Give the data again exactly as it appears, excluding any pictures.

==========

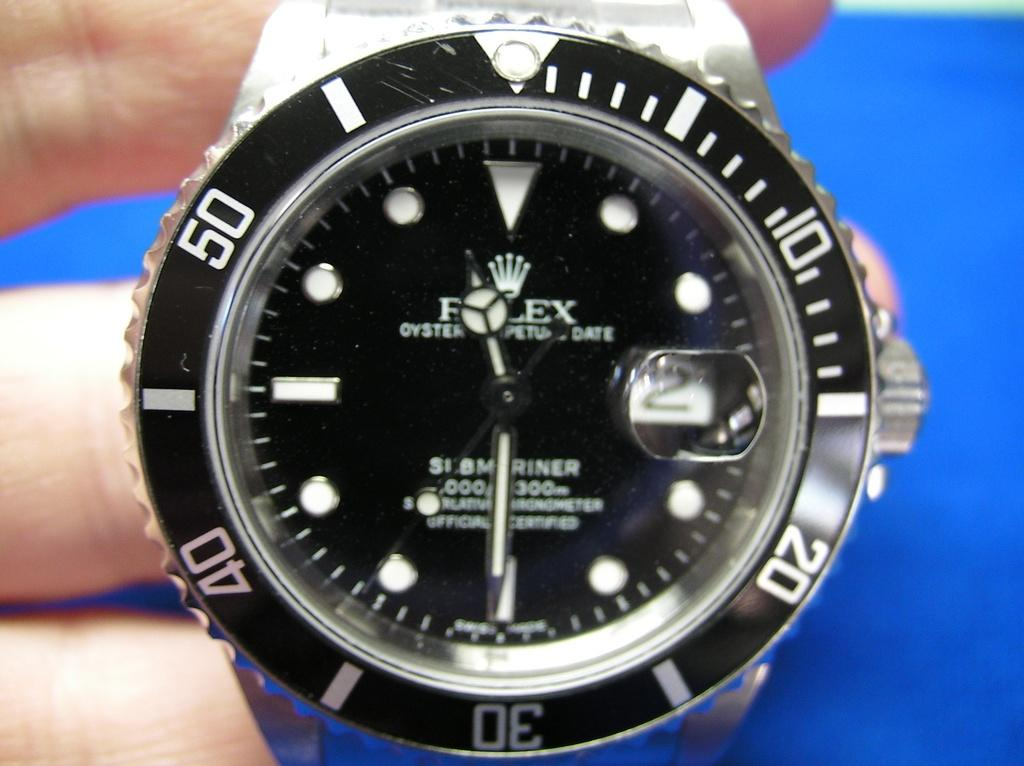<image>
Share a concise interpretation of the image provided. A watch has the word oyster on the face of it. 
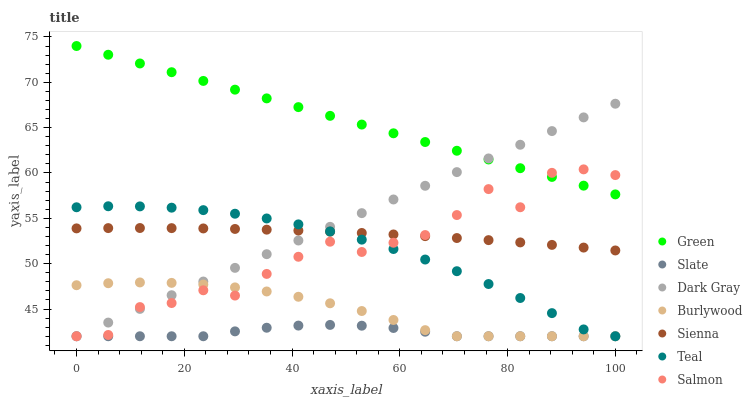Does Slate have the minimum area under the curve?
Answer yes or no. Yes. Does Green have the maximum area under the curve?
Answer yes or no. Yes. Does Burlywood have the minimum area under the curve?
Answer yes or no. No. Does Burlywood have the maximum area under the curve?
Answer yes or no. No. Is Dark Gray the smoothest?
Answer yes or no. Yes. Is Salmon the roughest?
Answer yes or no. Yes. Is Burlywood the smoothest?
Answer yes or no. No. Is Burlywood the roughest?
Answer yes or no. No. Does Burlywood have the lowest value?
Answer yes or no. Yes. Does Green have the lowest value?
Answer yes or no. No. Does Green have the highest value?
Answer yes or no. Yes. Does Burlywood have the highest value?
Answer yes or no. No. Is Burlywood less than Green?
Answer yes or no. Yes. Is Green greater than Slate?
Answer yes or no. Yes. Does Green intersect Salmon?
Answer yes or no. Yes. Is Green less than Salmon?
Answer yes or no. No. Is Green greater than Salmon?
Answer yes or no. No. Does Burlywood intersect Green?
Answer yes or no. No. 
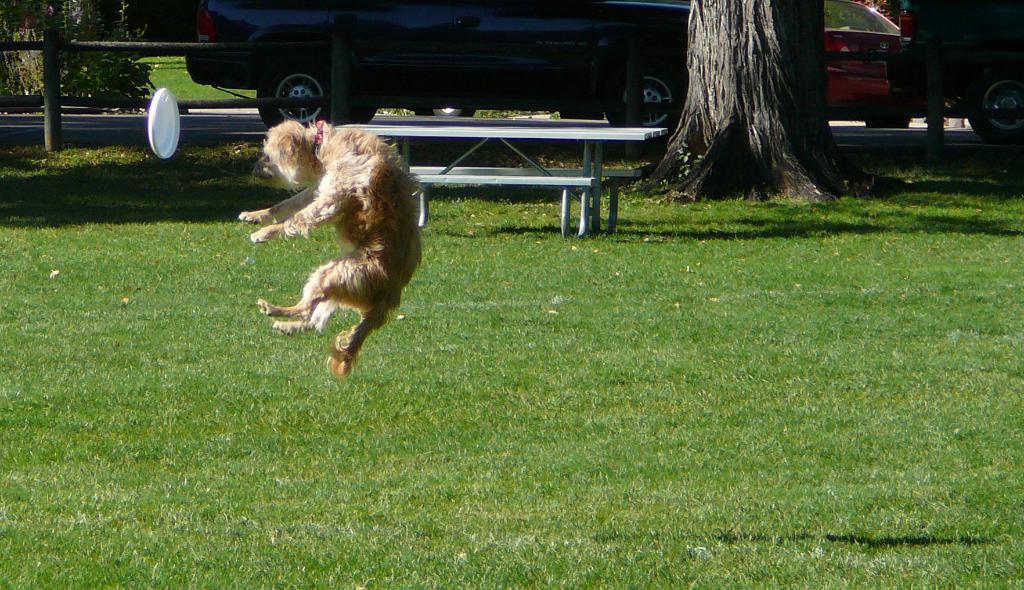Describe this image in one or two sentences. In the middle of the picture, we see a dog which is jumping. In front of it, we see a frisbee disc. I think the dog is playing frisbee. At the bottom of the picture, we see the grass. Beside the dog, we see a bench and behind that we see the stem of the tree. There are vehicles moving on the road. We see iron rods and trees in the background. 
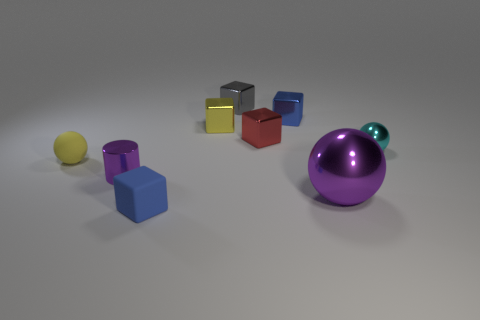Subtract all green balls. How many blue cubes are left? 2 Subtract all gray cubes. How many cubes are left? 4 Subtract all red blocks. How many blocks are left? 4 Subtract 2 blocks. How many blocks are left? 3 Subtract all brown blocks. Subtract all green cylinders. How many blocks are left? 5 Subtract all cylinders. How many objects are left? 8 Subtract 0 brown spheres. How many objects are left? 9 Subtract all tiny cyan metal objects. Subtract all yellow balls. How many objects are left? 7 Add 8 tiny cyan shiny objects. How many tiny cyan shiny objects are left? 9 Add 1 tiny metallic blocks. How many tiny metallic blocks exist? 5 
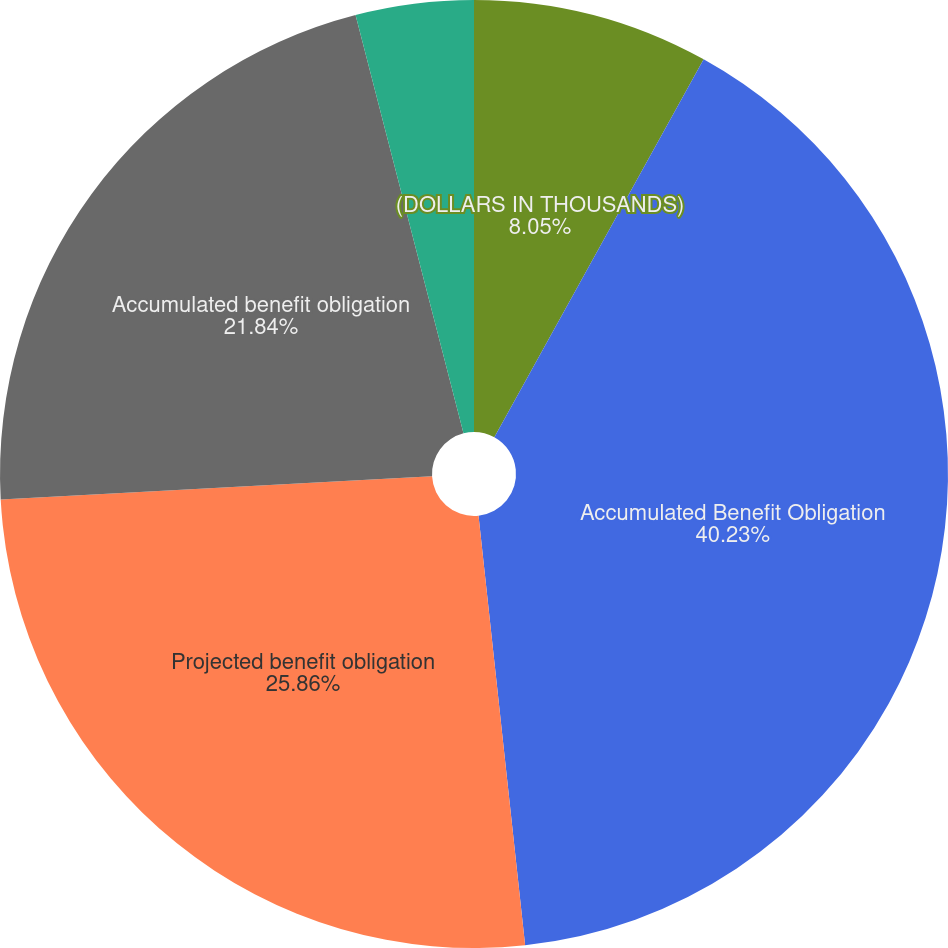Convert chart. <chart><loc_0><loc_0><loc_500><loc_500><pie_chart><fcel>(DOLLARS IN THOUSANDS)<fcel>Accumulated Benefit Obligation<fcel>Projected benefit obligation<fcel>Accumulated benefit obligation<fcel>Discount rate<fcel>Rate of compensation increase<nl><fcel>8.05%<fcel>40.23%<fcel>25.86%<fcel>21.84%<fcel>4.02%<fcel>0.0%<nl></chart> 
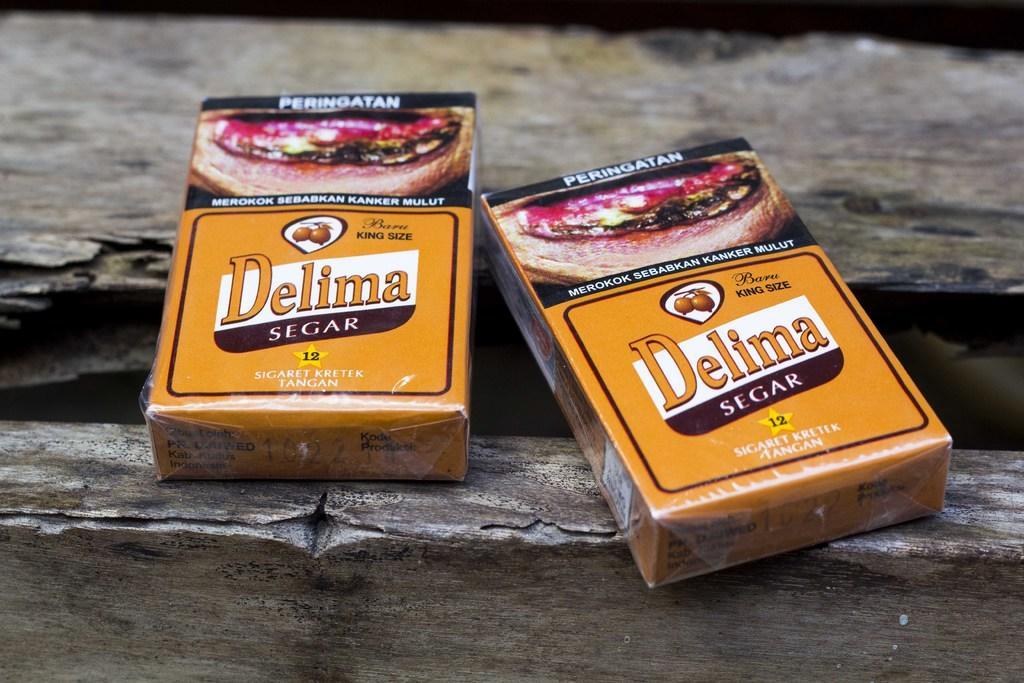Describe this image in one or two sentences. In the picture there are two cigarette packets present, on the pack there is some text present. 
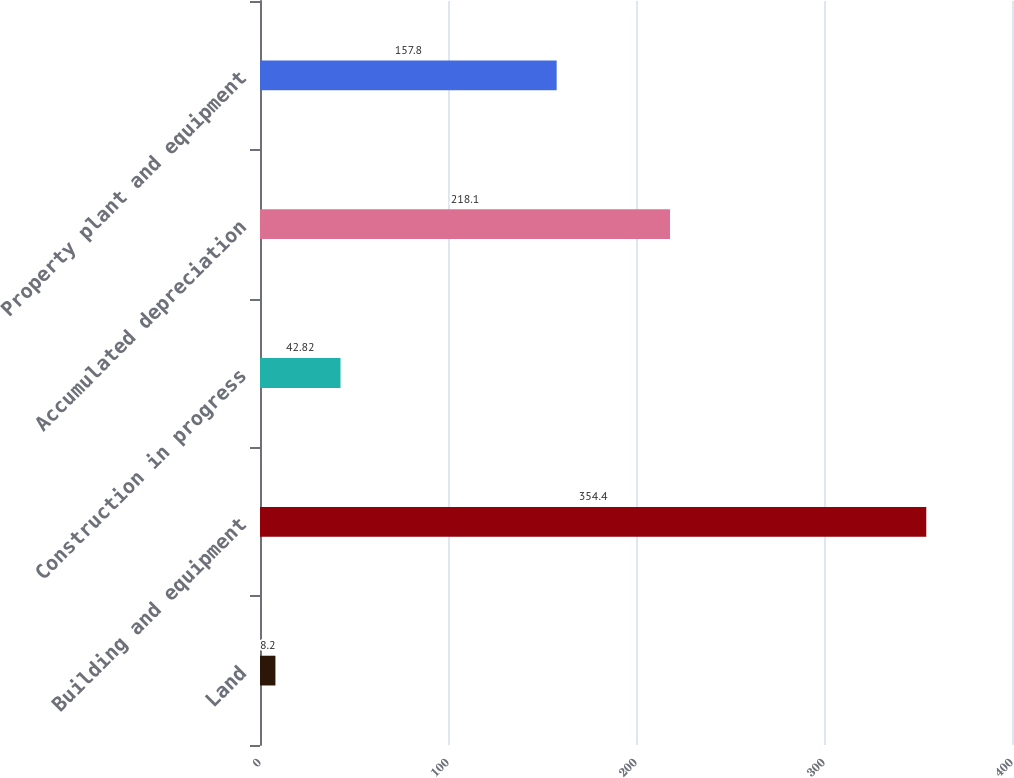Convert chart. <chart><loc_0><loc_0><loc_500><loc_500><bar_chart><fcel>Land<fcel>Building and equipment<fcel>Construction in progress<fcel>Accumulated depreciation<fcel>Property plant and equipment<nl><fcel>8.2<fcel>354.4<fcel>42.82<fcel>218.1<fcel>157.8<nl></chart>

==========

Output below
<image>
Share a concise interpretation of the image provided. A watch has the word oyster on the face of it. 
Does Slate have the minimum area under the curve?
Answer yes or no. Yes. Does Green have the maximum area under the curve?
Answer yes or no. Yes. Does Burlywood have the minimum area under the curve?
Answer yes or no. No. Does Burlywood have the maximum area under the curve?
Answer yes or no. No. Is Dark Gray the smoothest?
Answer yes or no. Yes. Is Salmon the roughest?
Answer yes or no. Yes. Is Burlywood the smoothest?
Answer yes or no. No. Is Burlywood the roughest?
Answer yes or no. No. Does Burlywood have the lowest value?
Answer yes or no. Yes. Does Green have the lowest value?
Answer yes or no. No. Does Green have the highest value?
Answer yes or no. Yes. Does Burlywood have the highest value?
Answer yes or no. No. Is Burlywood less than Green?
Answer yes or no. Yes. Is Green greater than Slate?
Answer yes or no. Yes. Does Green intersect Salmon?
Answer yes or no. Yes. Is Green less than Salmon?
Answer yes or no. No. Is Green greater than Salmon?
Answer yes or no. No. Does Burlywood intersect Green?
Answer yes or no. No. 
Describe this image in one or two sentences. In the middle of the picture, we see a dog which is jumping. In front of it, we see a frisbee disc. I think the dog is playing frisbee. At the bottom of the picture, we see the grass. Beside the dog, we see a bench and behind that we see the stem of the tree. There are vehicles moving on the road. We see iron rods and trees in the background. 
Subtract all green balls. How many blue cubes are left? 2 Subtract all gray cubes. How many cubes are left? 4 Subtract all red blocks. How many blocks are left? 4 Subtract 2 blocks. How many blocks are left? 3 Subtract all brown blocks. Subtract all green cylinders. How many blocks are left? 5 Subtract all cylinders. How many objects are left? 8 Subtract 0 brown spheres. How many objects are left? 9 Subtract all tiny cyan metal objects. Subtract all yellow balls. How many objects are left? 7 Add 8 tiny cyan shiny objects. How many tiny cyan shiny objects are left? 9 Add 1 tiny metallic blocks. How many tiny metallic blocks exist? 5 
Convert chart. <chart><loc_0><loc_0><loc_500><loc_500><pie_chart><fcel>(DOLLARS IN THOUSANDS)<fcel>Accumulated Benefit Obligation<fcel>Projected benefit obligation<fcel>Accumulated benefit obligation<fcel>Discount rate<fcel>Rate of compensation increase<nl><fcel>8.05%<fcel>40.23%<fcel>25.86%<fcel>21.84%<fcel>4.02%<fcel>0.0%<nl></chart> 
Describe this image in one or two sentences. In the picture there are two cigarette packets present, on the pack there is some text present. 
Convert chart. <chart><loc_0><loc_0><loc_500><loc_500><bar_chart><fcel>Land<fcel>Building and equipment<fcel>Construction in progress<fcel>Accumulated depreciation<fcel>Property plant and equipment<nl><fcel>8.2<fcel>354.4<fcel>42.82<fcel>218.1<fcel>157.8<nl></chart>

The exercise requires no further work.